[The data Boundary: Start]
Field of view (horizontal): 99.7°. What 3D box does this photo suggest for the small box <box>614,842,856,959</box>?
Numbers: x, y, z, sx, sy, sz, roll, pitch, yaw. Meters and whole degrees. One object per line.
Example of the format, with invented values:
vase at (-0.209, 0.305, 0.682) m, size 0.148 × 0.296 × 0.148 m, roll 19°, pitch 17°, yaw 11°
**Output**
[The data Boundary: End]
[The data Boundary: Start]
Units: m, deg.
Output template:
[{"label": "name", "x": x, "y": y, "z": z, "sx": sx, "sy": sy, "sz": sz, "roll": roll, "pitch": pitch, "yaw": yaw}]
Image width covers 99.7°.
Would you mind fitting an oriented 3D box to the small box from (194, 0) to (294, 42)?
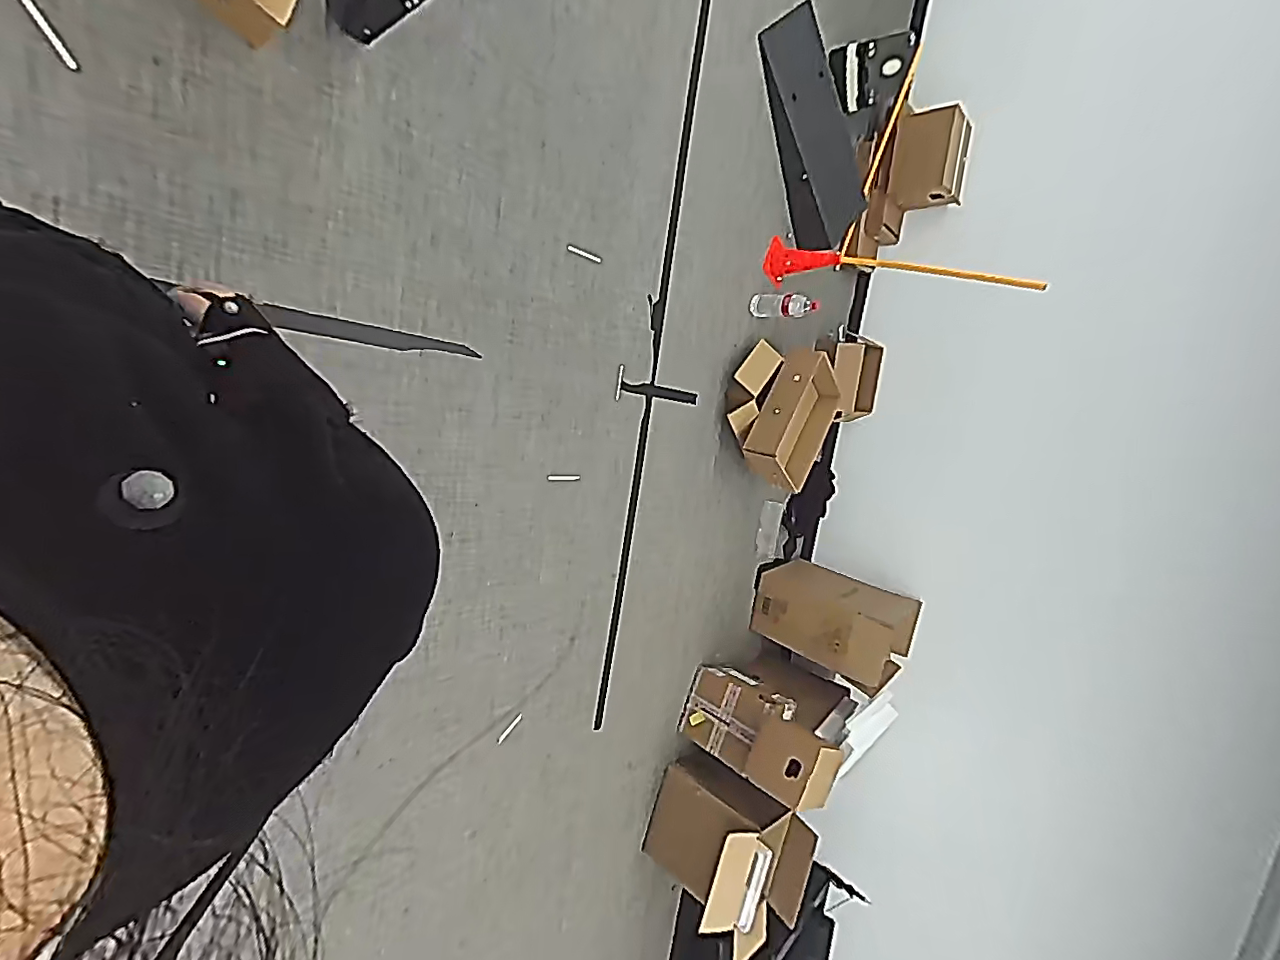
[The data Boundary: End]
[The data Boundary: Start]
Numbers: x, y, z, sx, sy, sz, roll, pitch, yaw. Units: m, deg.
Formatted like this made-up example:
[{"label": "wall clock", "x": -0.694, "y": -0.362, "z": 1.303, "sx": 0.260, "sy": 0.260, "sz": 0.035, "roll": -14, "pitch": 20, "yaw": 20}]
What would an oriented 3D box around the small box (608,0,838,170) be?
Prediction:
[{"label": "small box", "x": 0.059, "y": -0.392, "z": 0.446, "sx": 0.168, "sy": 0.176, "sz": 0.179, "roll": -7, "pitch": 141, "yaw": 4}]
[The data Boundary: End]
● **Exercise details**
List each line of the records that holds the string "What".

● **Result for this exercise**
Field of view (horizontal): 99.7°. What 3D box does this photo suggest for the small box <box>614,842,856,959</box>?
What would an oriented 3D box around the small box (608,0,838,170) be?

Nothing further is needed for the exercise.